Oceana Naval Air Station at Virginia Beach was to be his home for the next several months as he transitioned from the Lightning to this thing called the F4 Phantom.

The Royal Air Force in its infinite wisdom (“or stupidity,” he thought) had accepted several of these beasts to become its air to air interception device based at Leuchars in Scotland. Bill Douglas was sacrificed to this bird of prey for reasons he cared little about.

Oceana Naval Air Station at Virginia Beach, the US of A. He felt like a dog with two tails. He'd been flying Lightnings for 9 months now and he was considered to be (much to his pleasure but not surprise) the best young pilot as yet identified for the role of air interception.

Aircraft seemed to become part of him, not the other way round, and this had been true from basic training through rigorous combat instruction. He had taken survival training in his stride as well. So much so, that the SAS 22 Regiment responsible for his training nicknamed him “the Soldier”. Praise indeed for an “Airforce pussy” coming as it did from these men hardened by years on the Brecon Beacons. Life in the wilderness held no surprises for him. His grand old uncle John had made sure the land would always be his friend and the animals wherever he ventured would know a kindred spirit. In the air, his instructors could not believe that he had never flown before his first flight in the Chipmonk.

Everything seemed to be first nature to him and the transition to the Jet Provost and subsequently to the Lightning had been taken in his stride.

The only problem the powers that be could discern was his complete lack of reverence for authority and his constant desire to push the envelope to its tearing point.

Now here he was thousands of miles away in a climate approaching 100 degrees faranheight about to embark on the ride of his life in a bird like no other on this earth. All this and the plentiful species of American “birds” of the human kind who seemed to be only too keen to get to know him and his strange accent better and closer than he had any right to have expected. Competition among the pilots was keen - in the air, and on the ground and in the sack!

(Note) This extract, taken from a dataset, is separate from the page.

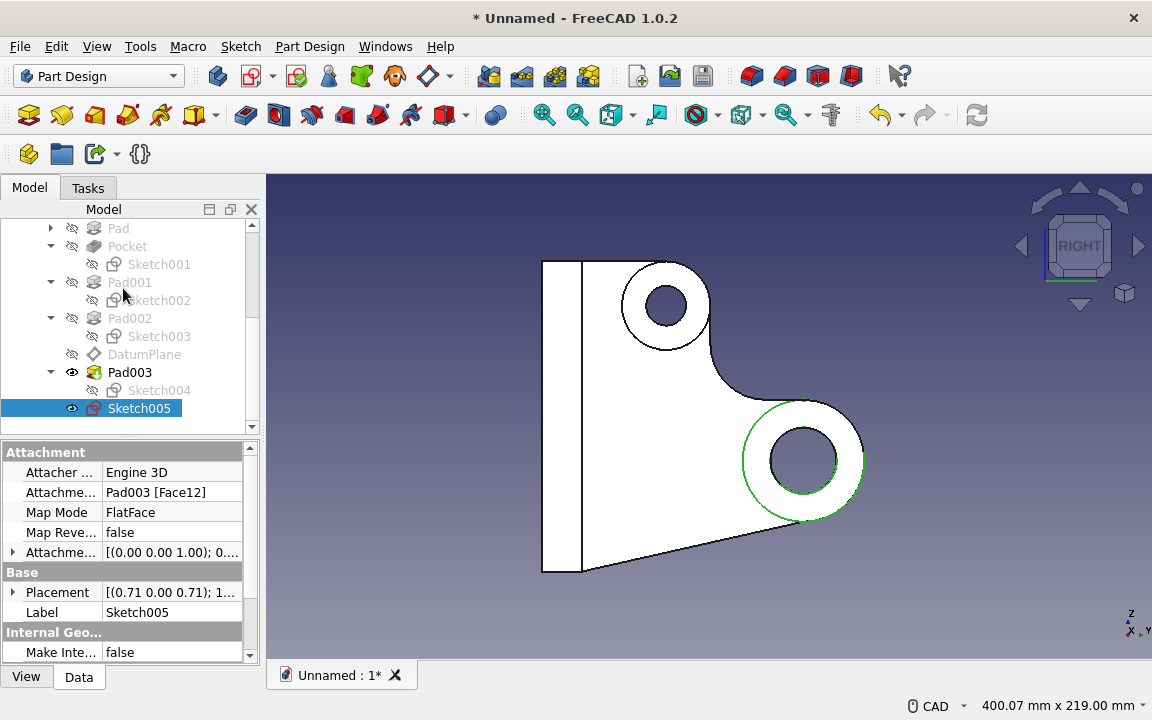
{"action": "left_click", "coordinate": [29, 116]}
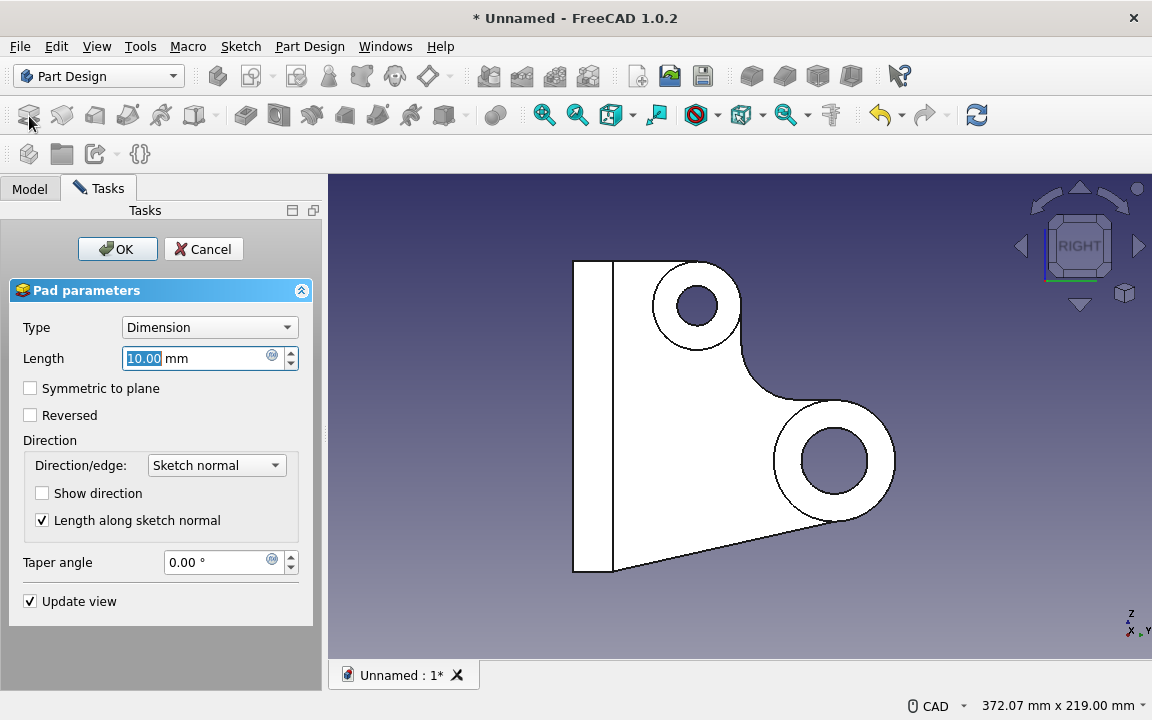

The cockpit was a mess! A mass of instruments few of which seemed to be in the place he would expect them to be. Buttons and switches by the hundreds it seemed.

Compared to the Lightning this was a like a jigsaw puzzle but a puzzle that required complete and utter familiarisation so that its use in flight was nothing less than instinctive. Indeed in the next 48 hours he went from stuttering novice to blindfolded excellence.